Corigliano’s “Ghosts,” ready to haunt any size house, heads to Manhattan School

John Corigliano and William Hoffman’s opera “The Ghosts of Versailles” comes in three sizes.  According to Corigliano’s website, there’s the original Metropolitan Opera version from the 1991 debut, which boasted about 300 performers.  There’s the standard version (“eliminates the onstage orchestra by incorporating those parts into the regular pit orchestra, re-assigns roles played by comprimario singers to choristers, and requires only 10 principals”) that premiered at the Chicago Lyric Opera in 1995.  Most recently is the reduced version (orchestrations prepared by John David Earnest) that debuted at the Opera Theater of St.
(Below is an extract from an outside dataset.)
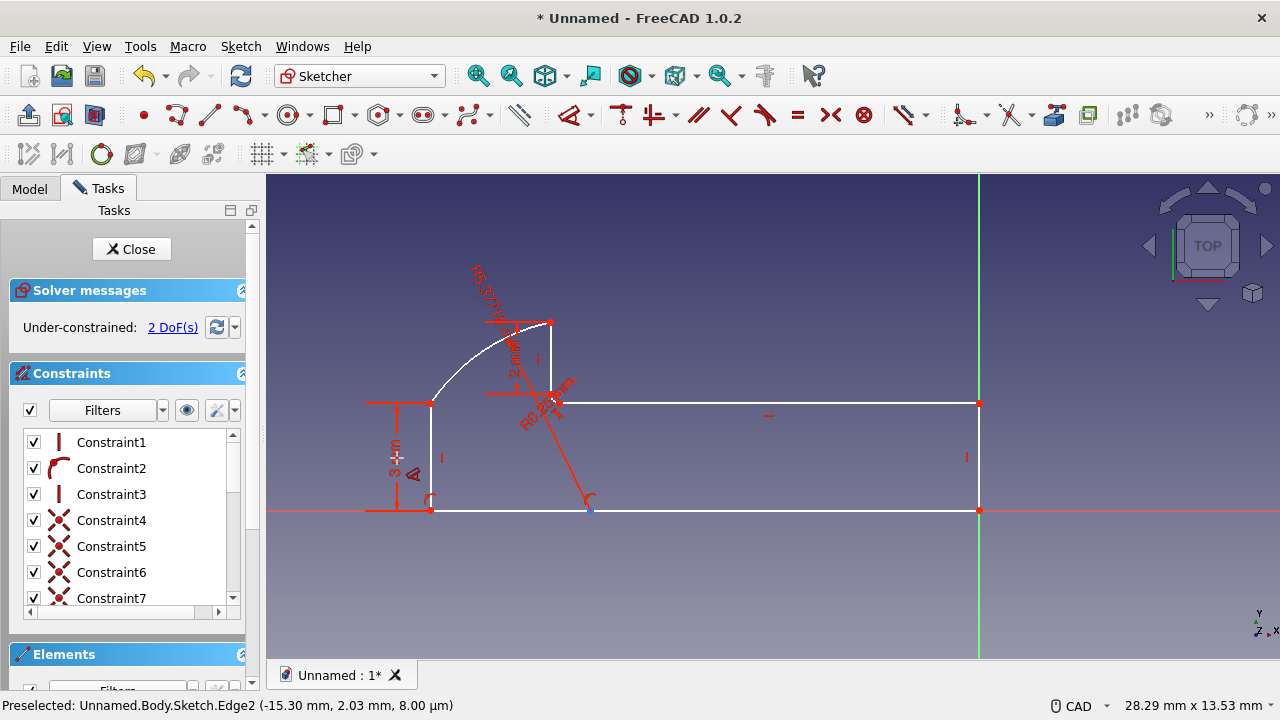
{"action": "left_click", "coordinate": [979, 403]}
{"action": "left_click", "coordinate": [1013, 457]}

Louis in 2009.

It’s the latter, the trim and easy-to-use edition, that makes its New York City debut this week at the Manhattan School of Music in three performances (4/25-29).  Steven Osgood conducts and stage direction is by Jay Lesenger.

Corigliano and Hoffman in 2011

There’s tons of places online to learn more about the origins and reception of “Ghosts.”  Something I didn’t find readily was the tidbit that the original title was “A Figaro for Antonia.” John and Bill did innumerable talks around Manhattan in the months leading up to the premiere and I recall one of them saying that whenever they said that the name of the opera, the response was “What?!”

So they came up with a new and much better title, while the opera within the opera bears that vowel-heavy original name.  And the rest is opera history.